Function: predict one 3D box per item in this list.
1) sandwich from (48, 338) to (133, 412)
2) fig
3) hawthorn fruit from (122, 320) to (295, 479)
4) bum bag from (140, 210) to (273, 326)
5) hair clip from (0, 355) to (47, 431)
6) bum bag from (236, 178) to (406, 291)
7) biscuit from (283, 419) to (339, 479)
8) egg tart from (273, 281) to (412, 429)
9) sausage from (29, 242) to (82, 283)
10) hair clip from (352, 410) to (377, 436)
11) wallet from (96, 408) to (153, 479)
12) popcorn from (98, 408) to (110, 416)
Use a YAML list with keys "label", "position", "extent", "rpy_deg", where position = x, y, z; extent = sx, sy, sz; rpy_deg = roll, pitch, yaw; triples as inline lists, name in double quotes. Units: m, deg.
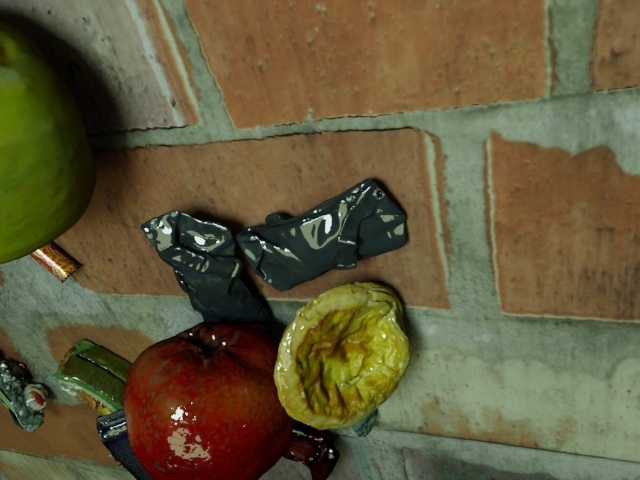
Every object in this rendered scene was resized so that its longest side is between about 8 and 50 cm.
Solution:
- label: "sandwich"
  position: [-0.474, 0.306, 1.252]
  extent: [0.184, 0.109, 0.160]
  rpy_deg: [38, 130, -11]
- label: "fig"
  position: [-0.464, -0.109, 0.735]
  extent: [0.343, 0.343, 0.343]
  rpy_deg: [11, 131, 13]
- label: "hawthorn fruit"
  position: [-0.171, 0.283, 0.930]
  extent: [0.265, 0.265, 0.307]
  rpy_deg: [11, 120, 14]
- label: "bum bag"
  position: [-0.169, 0.065, 0.945]
  extent: [0.137, 0.074, 0.310]
  rpy_deg: [1, 141, 17]
- label: "hair clip"
  position: [-0.751, 0.303, 1.375]
  extent: [0.091, 0.138, 0.321]
  rpy_deg: [-41, 111, -6]
- label: "bum bag"
  position: [0.000, 0.000, 0.834]
  extent: [0.248, 0.060, 0.123]
  rpy_deg: [-19, 118, 33]
- label: "biscuit"
  position: [-0.074, 0.397, 1.193]
  extent: [0.235, 0.063, 0.151]
  rpy_deg: [28, 132, 2]
- label: "egg tart"
  position: [0.030, 0.166, 0.886]
  extent: [0.106, 0.241, 0.241]
  rpy_deg: [30, 153, 58]
- label: "sausage"
  position: [-0.502, 0.013, 1.062]
  extent: [0.145, 0.048, 0.050]
  rpy_deg: [44, 93, -10]
- label: "hair clip"
  position: [0.046, 0.257, 1.036]
  extent: [0.036, 0.066, 0.229]
  rpy_deg: [4, 128, 54]
- label: "wallet"
  position: [-0.315, 0.411, 1.242]
  extent: [0.220, 0.071, 0.262]
  rpy_deg: [-20, 131, -7]
- label: "popcorn"
  position: [-0.478, 0.379, 1.329]
  extent: [0.084, 0.084, 0.084]
  rpy_deg: [11, 131, 13]

==*==

— WHAT TO DO —
Copy only this, please: the line with "7) biscuit from (283, 419) to (339, 479)" and every line after it through the end of the data, with no pictures.

— EXPECTED ANSWER —
7) biscuit from (283, 419) to (339, 479)
8) egg tart from (273, 281) to (412, 429)
9) sausage from (29, 242) to (82, 283)
10) hair clip from (352, 410) to (377, 436)
11) wallet from (96, 408) to (153, 479)
12) popcorn from (98, 408) to (110, 416)
Use a YAML list with keys "label", "position", "extent", "rpy_deg", where position = x, y, z; extent = sx, sy, sz; rpy_deg = roll, pitch, yaw; triples as inline lists, name in double quotes. Units: m, deg.
Every object in this rendered scene was resized so that its longest side is between about 8 and 50 cm.
Solution:
- label: "sandwich"
  position: [-0.474, 0.306, 1.252]
  extent: [0.184, 0.109, 0.160]
  rpy_deg: [38, 130, -11]
- label: "fig"
  position: [-0.464, -0.109, 0.735]
  extent: [0.343, 0.343, 0.343]
  rpy_deg: [11, 131, 13]
- label: "hawthorn fruit"
  position: [-0.171, 0.283, 0.930]
  extent: [0.265, 0.265, 0.307]
  rpy_deg: [11, 120, 14]
- label: "bum bag"
  position: [-0.169, 0.065, 0.945]
  extent: [0.137, 0.074, 0.310]
  rpy_deg: [1, 141, 17]
- label: "hair clip"
  position: [-0.751, 0.303, 1.375]
  extent: [0.091, 0.138, 0.321]
  rpy_deg: [-41, 111, -6]
- label: "bum bag"
  position: [0.000, 0.000, 0.834]
  extent: [0.248, 0.060, 0.123]
  rpy_deg: [-19, 118, 33]
- label: "biscuit"
  position: [-0.074, 0.397, 1.193]
  extent: [0.235, 0.063, 0.151]
  rpy_deg: [28, 132, 2]
- label: "egg tart"
  position: [0.030, 0.166, 0.886]
  extent: [0.106, 0.241, 0.241]
  rpy_deg: [30, 153, 58]
- label: "sausage"
  position: [-0.502, 0.013, 1.062]
  extent: [0.145, 0.048, 0.050]
  rpy_deg: [44, 93, -10]
- label: "hair clip"
  position: [0.046, 0.257, 1.036]
  extent: [0.036, 0.066, 0.229]
  rpy_deg: [4, 128, 54]
- label: "wallet"
  position: [-0.315, 0.411, 1.242]
  extent: [0.220, 0.071, 0.262]
  rpy_deg: [-20, 131, -7]
- label: "popcorn"
  position: [-0.478, 0.379, 1.329]
  extent: [0.084, 0.084, 0.084]
  rpy_deg: [11, 131, 13]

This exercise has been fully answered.